The power all the biblical servants of God had, as stated in the Scriptures, could not have been had they been unrighteous, but which in the very possession shows that they were the appointed servants of God; and the admission into the approbation of the people, denotes the same and although there was a deviation in some instances from the holy will of God, yet it was in each case as stated; and it was no interference with the holy performances of such men before such deviations took place, nor any interference after such conduet. In that case it would be thus: namely, a man living for a number of years in true holiness, but who afterwards falls into sin; his late sin is since the holy state, and is therefore as distinct as one year is from another; by which distinction the sin is since the holiness and doing the will of God, but which, when changed, takes place again in holiness the same in that time as it could be. And according to that, had some of them who were the servants of God fallen into sin, so as to be lost, what they did while in the service of God would be just the same during that time as if they had never sinned.

Now what has been said of Moses as a man of pure motives, holy conduct, braving every discouragement, and avoiding every undue honour, and doing the will of God to his people, may be said of all the men of God after his time; and what has been said of the holy nature

and end of the writings of Moses, may be said of all the subsequent writings, for they, as stated, did and do tend to the sole happiness and safety of the people, and the glory of God; and what has been said of the reception of and dependance of the Jewish nation or people on the writings of Moses, may also be said of the rest of the biblical writings; all therefore staud on sure evidence to us, that they were from God to holy men, and from them to us, as from men of real truth; they therefore are the undeniable words of God to mankind.

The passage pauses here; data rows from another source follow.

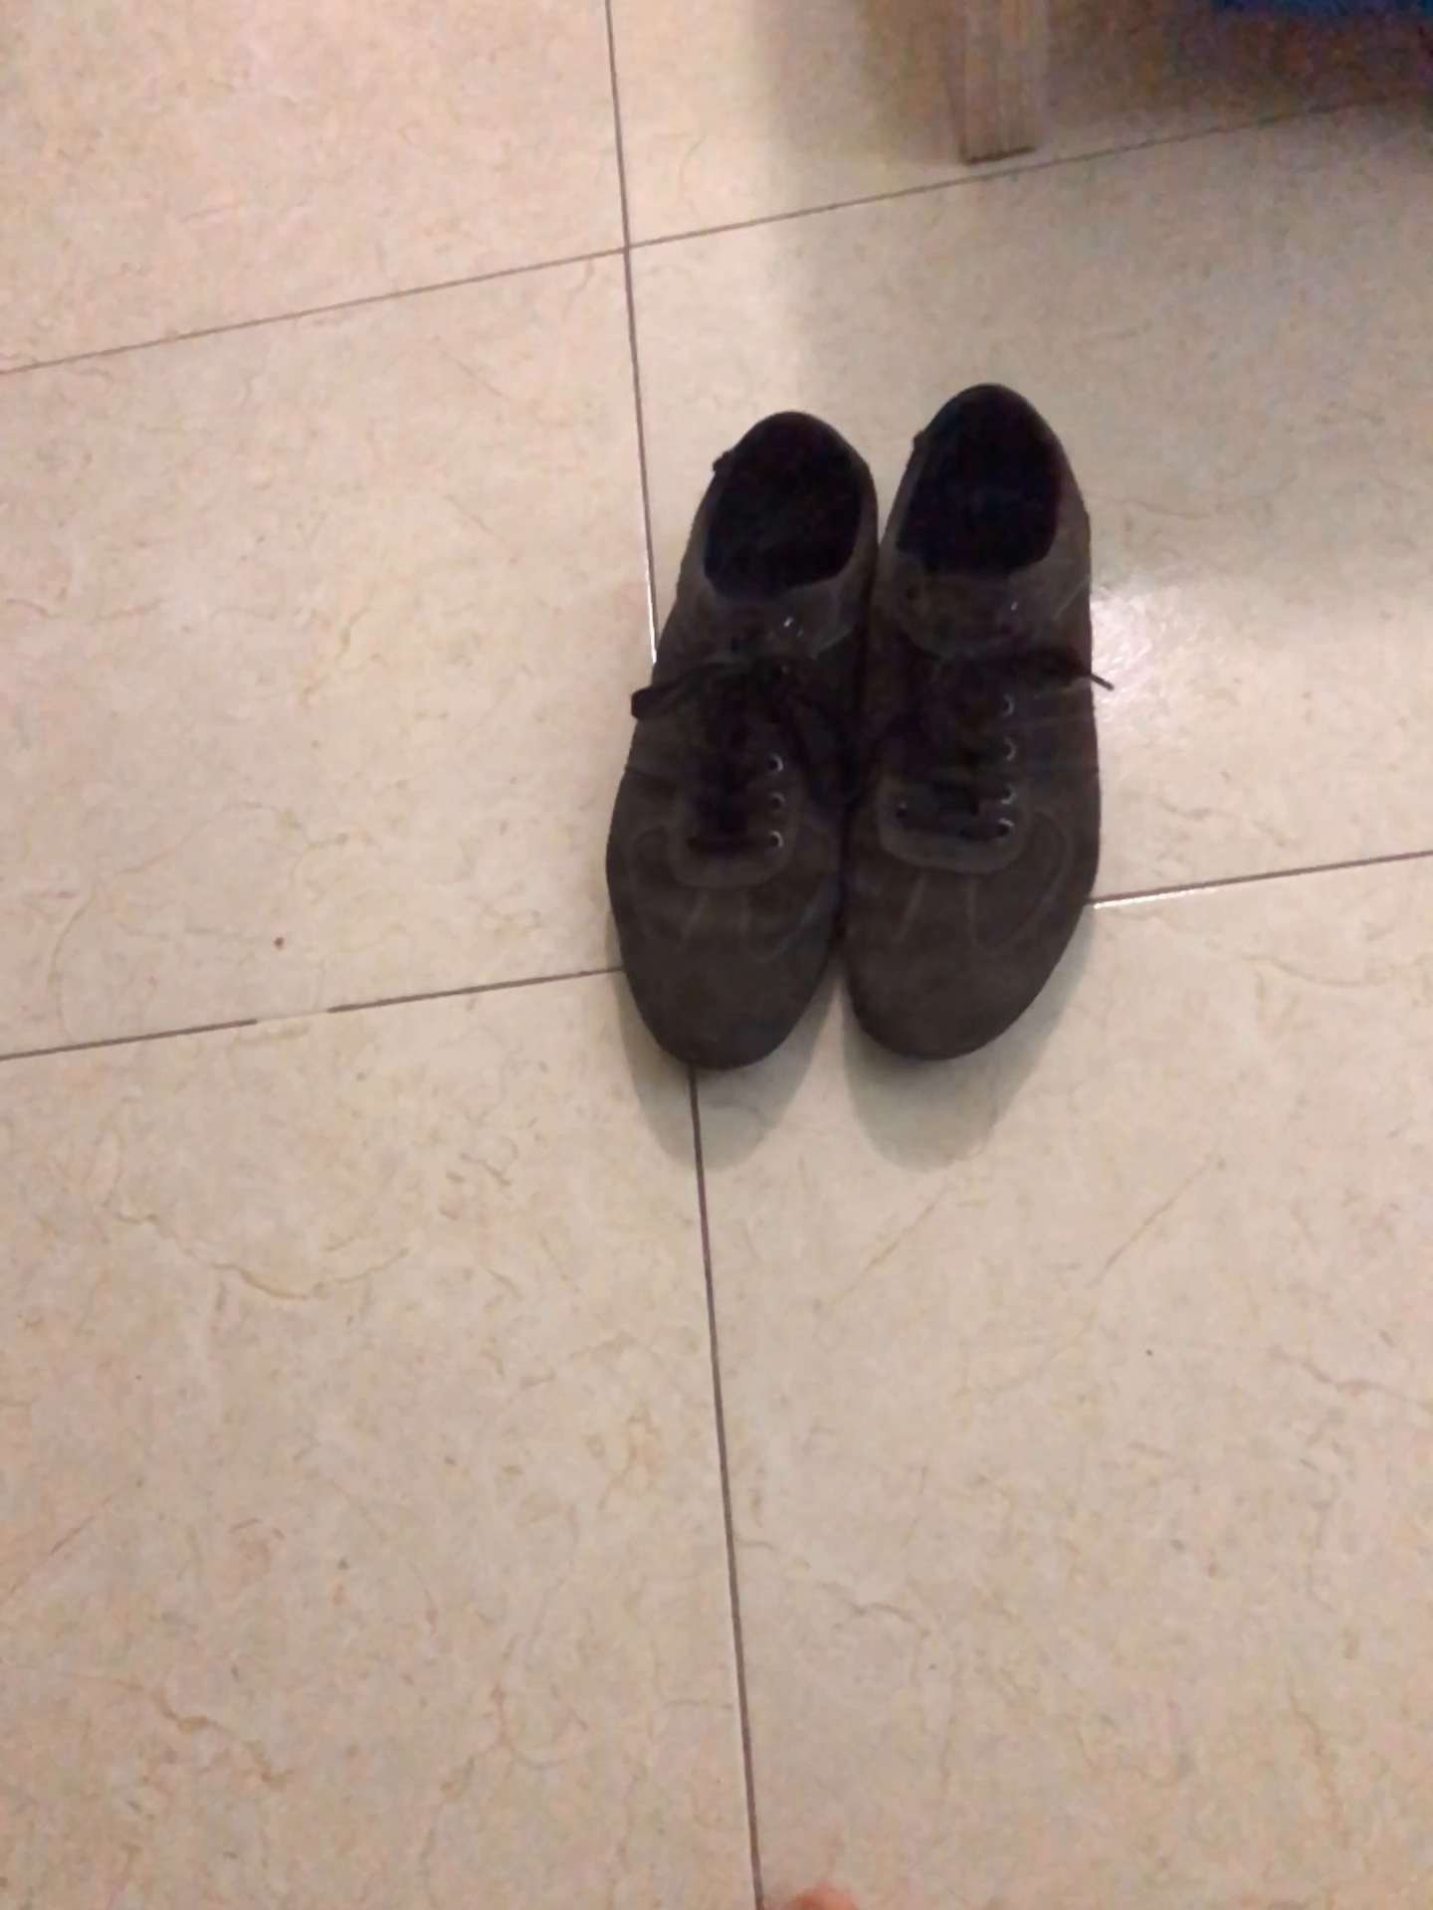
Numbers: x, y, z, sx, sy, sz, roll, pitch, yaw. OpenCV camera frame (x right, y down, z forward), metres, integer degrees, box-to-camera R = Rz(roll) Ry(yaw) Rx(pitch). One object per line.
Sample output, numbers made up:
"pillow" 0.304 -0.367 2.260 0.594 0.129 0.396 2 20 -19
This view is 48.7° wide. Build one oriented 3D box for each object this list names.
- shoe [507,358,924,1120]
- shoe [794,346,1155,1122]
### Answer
"shoe" 0.012 -0.095 0.668 0.120 0.110 0.300 3 66 12
"shoe" 0.113 -0.096 0.654 0.110 0.110 0.300 4 66 13
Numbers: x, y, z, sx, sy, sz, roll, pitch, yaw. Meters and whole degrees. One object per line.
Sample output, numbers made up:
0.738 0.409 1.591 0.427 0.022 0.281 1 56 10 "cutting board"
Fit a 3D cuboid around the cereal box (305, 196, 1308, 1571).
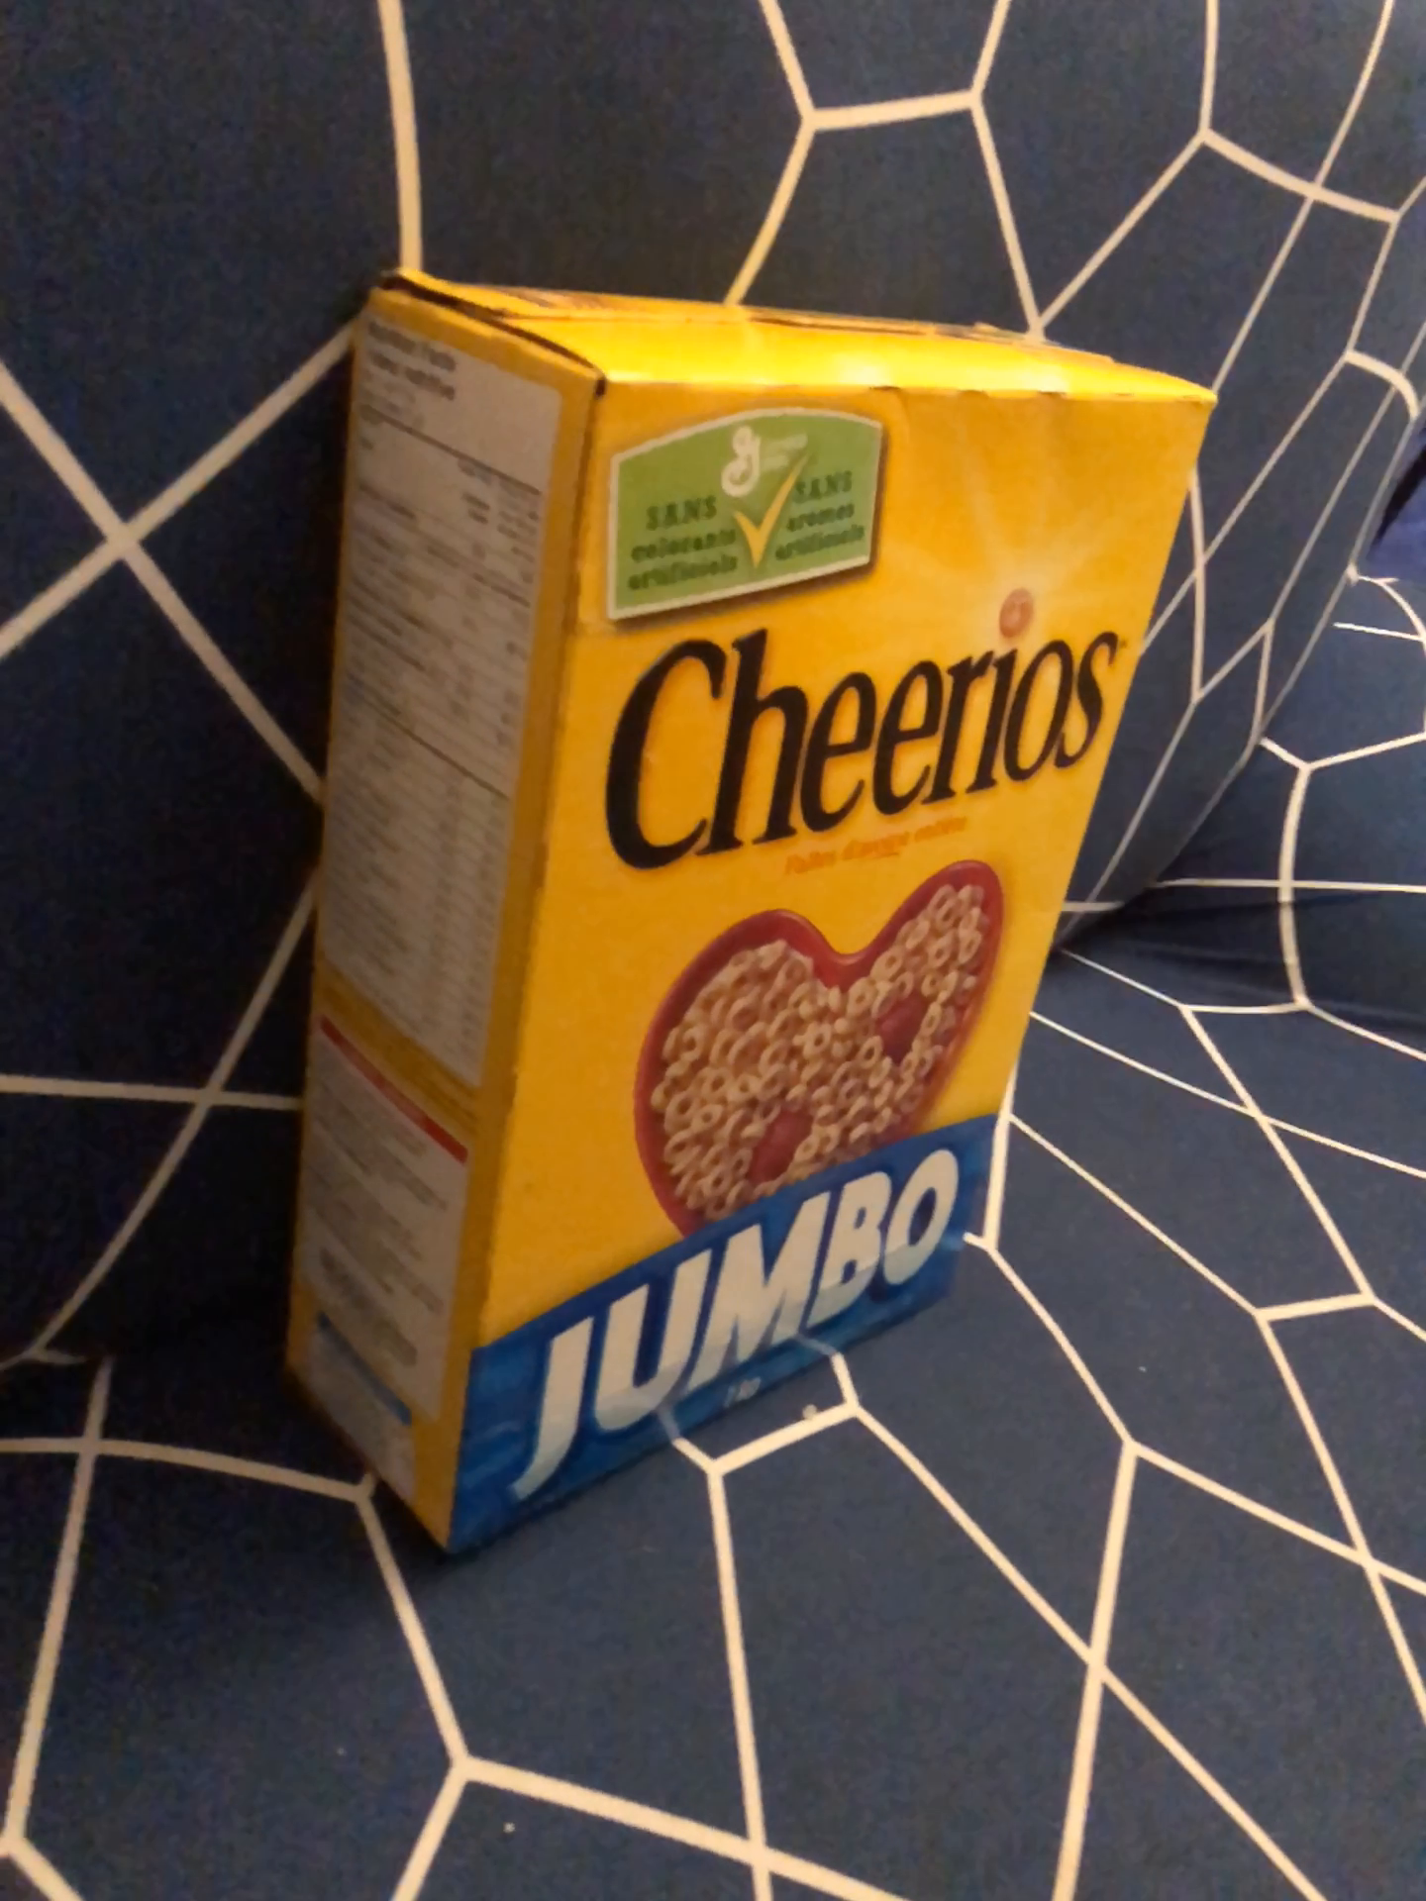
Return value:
0.018 -0.018 0.400 0.211 0.288 0.080 -15 37 -41 "cereal box"

Having so far stated the certainty of the writers and promoters of the Old Testament being the true servants of God, so as to declare his will in the Old Scriptures to mankind; I now shall produce some equal evidences of the New Testament writers being the servants of God to the revelation of the Gospel to mankind. In so doing I observe, that before they could have wrote upon the Saviour of the world, and the righteousness of life by him, the sufferings he endured, and the effect or design of all, they must have been appointed by no less a being than God himself in the Saviour; because the works they performed in reference to the Saviour could not have been by the power of prepossessed knowledge or scheme to deceive, as many have done by being Antichrists: they were men of little learning and of humble occupations who were the first propagators of the christian cause, and they therefore could not have such a knowledge of the Scriptures as the learned Doctors, and Rabbies, and Scribes, who were of the Jews; for which reason they had it not in their power to acquire any means by which to falsify the old predictions of the Saviour, or the circumstances of his coming according to prophecy.